= Task description =
Repeat exactly the line containing "Next object: the cardboard box [1466, 194, 1471, 209]." and every line after it in the entries, and nothing besides.

***** The records

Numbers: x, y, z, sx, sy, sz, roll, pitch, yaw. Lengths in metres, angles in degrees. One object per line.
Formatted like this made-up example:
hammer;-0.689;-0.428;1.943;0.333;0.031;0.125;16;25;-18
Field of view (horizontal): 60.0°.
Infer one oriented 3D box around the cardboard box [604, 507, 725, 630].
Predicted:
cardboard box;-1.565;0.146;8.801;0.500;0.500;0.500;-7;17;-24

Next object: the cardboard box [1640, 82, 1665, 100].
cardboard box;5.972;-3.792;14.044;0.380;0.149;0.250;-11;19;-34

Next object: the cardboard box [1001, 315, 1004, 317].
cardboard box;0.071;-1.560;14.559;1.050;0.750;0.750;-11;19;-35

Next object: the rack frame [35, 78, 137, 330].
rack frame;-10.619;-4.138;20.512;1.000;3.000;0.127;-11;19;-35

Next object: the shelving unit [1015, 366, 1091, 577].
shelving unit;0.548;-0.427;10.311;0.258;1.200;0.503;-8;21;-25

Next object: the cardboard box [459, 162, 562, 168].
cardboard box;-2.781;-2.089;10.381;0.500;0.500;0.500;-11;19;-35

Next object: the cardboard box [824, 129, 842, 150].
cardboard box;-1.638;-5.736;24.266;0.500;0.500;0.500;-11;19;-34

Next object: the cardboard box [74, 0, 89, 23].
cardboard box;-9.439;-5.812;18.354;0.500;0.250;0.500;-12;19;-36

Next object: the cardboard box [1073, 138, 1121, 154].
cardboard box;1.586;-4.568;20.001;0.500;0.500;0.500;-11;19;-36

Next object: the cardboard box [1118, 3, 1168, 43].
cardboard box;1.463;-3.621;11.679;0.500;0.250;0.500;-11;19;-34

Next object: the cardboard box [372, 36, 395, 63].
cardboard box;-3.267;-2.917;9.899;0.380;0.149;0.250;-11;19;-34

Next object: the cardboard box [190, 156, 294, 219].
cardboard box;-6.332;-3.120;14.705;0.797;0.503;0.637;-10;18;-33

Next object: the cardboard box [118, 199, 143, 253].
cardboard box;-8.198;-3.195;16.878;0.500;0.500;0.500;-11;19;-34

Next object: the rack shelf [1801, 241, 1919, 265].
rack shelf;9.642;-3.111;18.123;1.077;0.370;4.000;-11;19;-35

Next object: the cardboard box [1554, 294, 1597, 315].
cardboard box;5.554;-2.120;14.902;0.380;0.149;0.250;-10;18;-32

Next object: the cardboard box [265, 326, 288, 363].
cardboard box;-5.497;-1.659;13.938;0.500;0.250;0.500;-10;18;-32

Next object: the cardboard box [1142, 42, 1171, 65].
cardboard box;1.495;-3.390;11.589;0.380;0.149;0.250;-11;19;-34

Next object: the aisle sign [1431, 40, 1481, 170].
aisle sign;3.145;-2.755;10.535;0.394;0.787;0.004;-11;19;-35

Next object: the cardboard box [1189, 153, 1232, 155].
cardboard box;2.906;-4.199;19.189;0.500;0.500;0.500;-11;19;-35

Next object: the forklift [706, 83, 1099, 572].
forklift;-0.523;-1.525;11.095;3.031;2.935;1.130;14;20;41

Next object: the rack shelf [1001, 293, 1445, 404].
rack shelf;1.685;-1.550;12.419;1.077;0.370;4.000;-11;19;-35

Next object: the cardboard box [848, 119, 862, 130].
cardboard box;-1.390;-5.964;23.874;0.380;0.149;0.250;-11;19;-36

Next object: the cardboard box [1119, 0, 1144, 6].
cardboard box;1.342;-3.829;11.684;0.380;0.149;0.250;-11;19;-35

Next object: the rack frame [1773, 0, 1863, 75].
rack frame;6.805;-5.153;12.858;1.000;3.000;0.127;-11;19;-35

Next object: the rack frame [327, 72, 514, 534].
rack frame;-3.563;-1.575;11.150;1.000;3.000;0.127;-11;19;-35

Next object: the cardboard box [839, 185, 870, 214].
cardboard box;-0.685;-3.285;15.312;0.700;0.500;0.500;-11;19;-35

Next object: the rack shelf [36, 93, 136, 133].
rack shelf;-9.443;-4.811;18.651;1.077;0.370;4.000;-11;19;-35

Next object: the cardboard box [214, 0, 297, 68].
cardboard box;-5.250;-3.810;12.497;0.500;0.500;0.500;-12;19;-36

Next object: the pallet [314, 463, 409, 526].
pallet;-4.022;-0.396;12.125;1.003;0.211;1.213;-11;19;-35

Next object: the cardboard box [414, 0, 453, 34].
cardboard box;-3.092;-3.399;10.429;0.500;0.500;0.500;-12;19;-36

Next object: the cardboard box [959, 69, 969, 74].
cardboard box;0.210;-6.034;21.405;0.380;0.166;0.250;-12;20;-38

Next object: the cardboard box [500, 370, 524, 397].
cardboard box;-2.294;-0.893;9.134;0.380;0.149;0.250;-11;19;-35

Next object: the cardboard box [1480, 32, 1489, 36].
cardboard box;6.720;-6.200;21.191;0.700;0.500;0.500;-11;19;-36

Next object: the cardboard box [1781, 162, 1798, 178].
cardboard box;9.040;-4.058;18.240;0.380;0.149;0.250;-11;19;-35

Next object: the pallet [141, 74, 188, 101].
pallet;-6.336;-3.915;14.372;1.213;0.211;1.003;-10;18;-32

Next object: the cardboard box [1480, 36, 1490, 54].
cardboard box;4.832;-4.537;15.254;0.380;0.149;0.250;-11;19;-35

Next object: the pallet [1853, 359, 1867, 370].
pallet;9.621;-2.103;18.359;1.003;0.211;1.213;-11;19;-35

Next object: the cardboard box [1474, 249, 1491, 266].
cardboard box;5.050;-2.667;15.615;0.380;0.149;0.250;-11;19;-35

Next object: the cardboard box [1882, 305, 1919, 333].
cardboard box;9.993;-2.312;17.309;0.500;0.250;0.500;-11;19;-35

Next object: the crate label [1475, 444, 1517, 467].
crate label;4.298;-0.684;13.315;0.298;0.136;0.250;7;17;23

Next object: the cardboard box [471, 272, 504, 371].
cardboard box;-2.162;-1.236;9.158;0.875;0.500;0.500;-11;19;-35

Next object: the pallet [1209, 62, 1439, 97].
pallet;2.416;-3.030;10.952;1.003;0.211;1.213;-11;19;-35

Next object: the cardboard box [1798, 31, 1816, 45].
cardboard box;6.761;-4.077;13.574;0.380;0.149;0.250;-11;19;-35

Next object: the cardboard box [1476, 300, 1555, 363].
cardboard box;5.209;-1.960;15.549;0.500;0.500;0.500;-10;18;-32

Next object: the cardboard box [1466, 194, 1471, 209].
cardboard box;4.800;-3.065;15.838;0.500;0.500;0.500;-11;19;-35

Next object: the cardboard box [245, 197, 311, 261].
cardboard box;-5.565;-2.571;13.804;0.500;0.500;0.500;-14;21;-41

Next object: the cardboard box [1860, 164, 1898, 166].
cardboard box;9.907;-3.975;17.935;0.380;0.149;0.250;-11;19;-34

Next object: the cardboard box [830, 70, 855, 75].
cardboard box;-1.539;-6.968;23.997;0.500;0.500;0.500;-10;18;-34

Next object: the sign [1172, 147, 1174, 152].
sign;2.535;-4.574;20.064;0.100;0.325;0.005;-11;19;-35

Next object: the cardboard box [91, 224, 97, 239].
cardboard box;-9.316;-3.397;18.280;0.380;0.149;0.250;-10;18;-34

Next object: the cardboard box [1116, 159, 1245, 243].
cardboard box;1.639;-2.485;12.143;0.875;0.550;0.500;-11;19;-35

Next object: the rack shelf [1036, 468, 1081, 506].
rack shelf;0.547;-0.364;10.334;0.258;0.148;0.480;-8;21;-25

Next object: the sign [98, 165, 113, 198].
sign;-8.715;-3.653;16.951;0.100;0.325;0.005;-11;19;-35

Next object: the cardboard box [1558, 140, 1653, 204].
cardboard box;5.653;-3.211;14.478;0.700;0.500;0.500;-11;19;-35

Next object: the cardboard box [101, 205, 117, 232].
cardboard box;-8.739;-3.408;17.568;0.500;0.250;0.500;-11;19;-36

**********

= Solved exercise =
Next object: the cardboard box [1466, 194, 1471, 209].
cardboard box;4.800;-3.065;15.838;0.500;0.500;0.500;-11;19;-35

Next object: the cardboard box [245, 197, 311, 261].
cardboard box;-5.565;-2.571;13.804;0.500;0.500;0.500;-14;21;-41

Next object: the cardboard box [1860, 164, 1898, 166].
cardboard box;9.907;-3.975;17.935;0.380;0.149;0.250;-11;19;-34

Next object: the cardboard box [830, 70, 855, 75].
cardboard box;-1.539;-6.968;23.997;0.500;0.500;0.500;-10;18;-34

Next object: the sign [1172, 147, 1174, 152].
sign;2.535;-4.574;20.064;0.100;0.325;0.005;-11;19;-35

Next object: the cardboard box [91, 224, 97, 239].
cardboard box;-9.316;-3.397;18.280;0.380;0.149;0.250;-10;18;-34

Next object: the cardboard box [1116, 159, 1245, 243].
cardboard box;1.639;-2.485;12.143;0.875;0.550;0.500;-11;19;-35

Next object: the rack shelf [1036, 468, 1081, 506].
rack shelf;0.547;-0.364;10.334;0.258;0.148;0.480;-8;21;-25

Next object: the sign [98, 165, 113, 198].
sign;-8.715;-3.653;16.951;0.100;0.325;0.005;-11;19;-35

Next object: the cardboard box [1558, 140, 1653, 204].
cardboard box;5.653;-3.211;14.478;0.700;0.500;0.500;-11;19;-35

Next object: the cardboard box [101, 205, 117, 232].
cardboard box;-8.739;-3.408;17.568;0.500;0.250;0.500;-11;19;-36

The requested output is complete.